Irrigated cropland averages $12,000 an acre, a $500 increase over last year, while nonirrigated cropland is $3,550 an acre, according to the report from the USDA's National Agricultural Statistics Service office here.


The rising price of farmland continues a trend that's existed since the mid-1990s. Doug Flohr, a NASS ag statistician here, said the escalating land costs and rents are a product of increasing farm earnings.


"Commodity prices have been relatively good in the last few years," Flohr said. "The income from farming has been more than sufficient to service the debt on purchases at these current low mortgage rates."


The latest report affirms a study released in July by Rabobank International's food and agribusiness research team that asserted higher exports, increased yields and good prices for many crops have pushed California's farmland values higher.

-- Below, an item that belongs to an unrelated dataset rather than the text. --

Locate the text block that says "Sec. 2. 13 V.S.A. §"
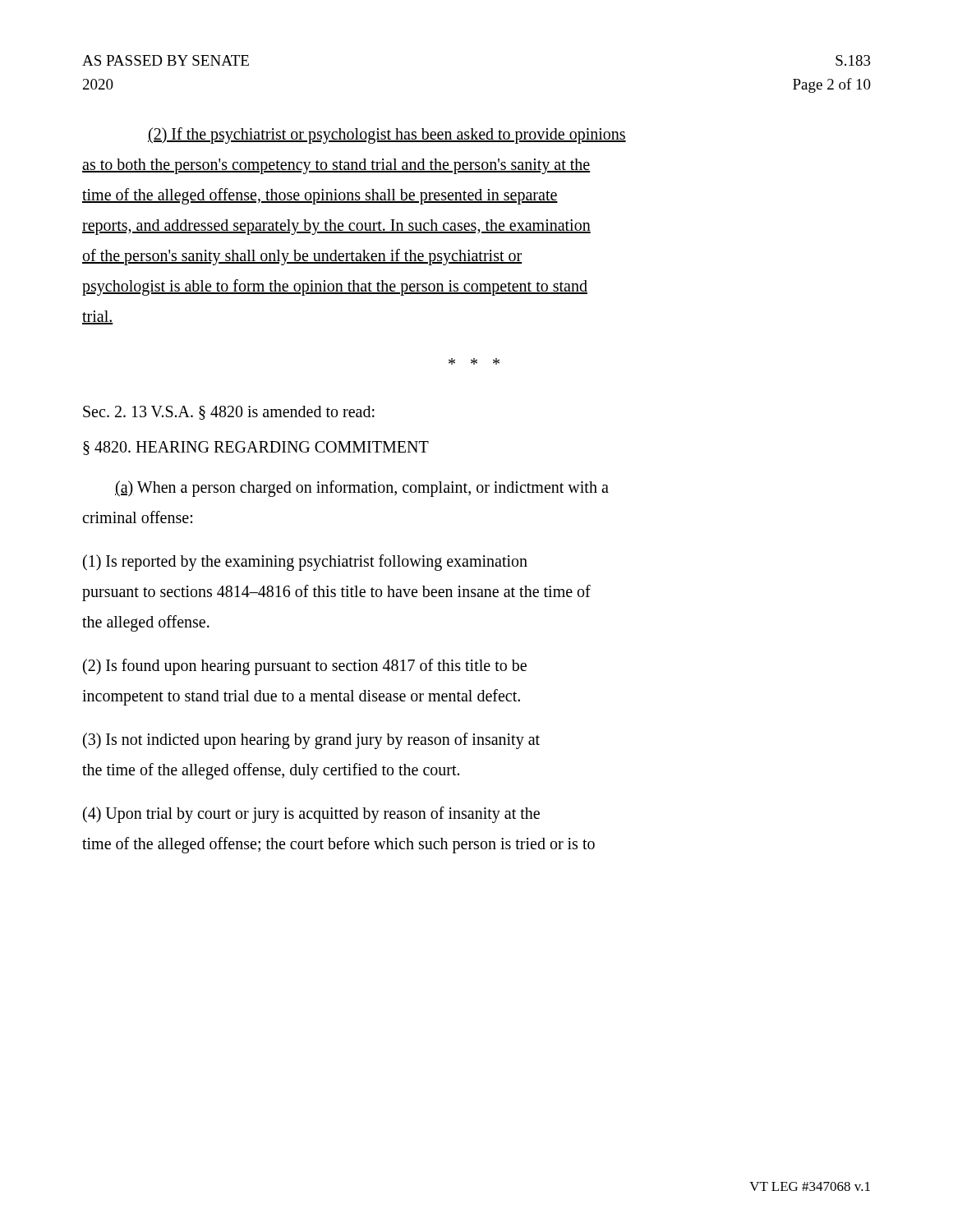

Among the latest findings of NASS:


* All cropland, at $9,810 per acre, is up $360 per acre from last year while the average value of pasture land, at $2,800 an acre, is about equal to last year.


* The 2012 state irrigated cropland rental rate, at an average of $340 per acre, is up $5 from 2011 but still down $5 from 2010. The most significant rent increases have been seen in the San Joaquin Valley, where the $269-per-acre average is up 13 percent from 2011. The highest rents are on the Central Coast at $1,010 an acre, down slightly from last year.


* The statewide non-irrigated rental rate of an average of $40 an acre is down from about $50 in the previous two years, while pasture land's average rental rate of $11.50 an acre is down from $12.50 an acre in 2011.


The report offers mixed news for Mary Kimball, executive director of the Winters, Calif.-based Center for Land-Based Learning. The center operates a farm to teach new farmers the basics of agriculture and helps them rent their first plots of land.


"It's great that land values for agriculture are up because it really means agriculture is viable and doing well," Kimball said. "And obviously ag land is in demand, there's no doubt about that -- especially good land like California's."


However, the biggest challenges that beginning farmers face are access to land and access to capital, she said.


"The higher the price of land, the harder it will be to get into it," Kimball said, adding the center would continue to seek landowners willing to make land available to beginning farmers.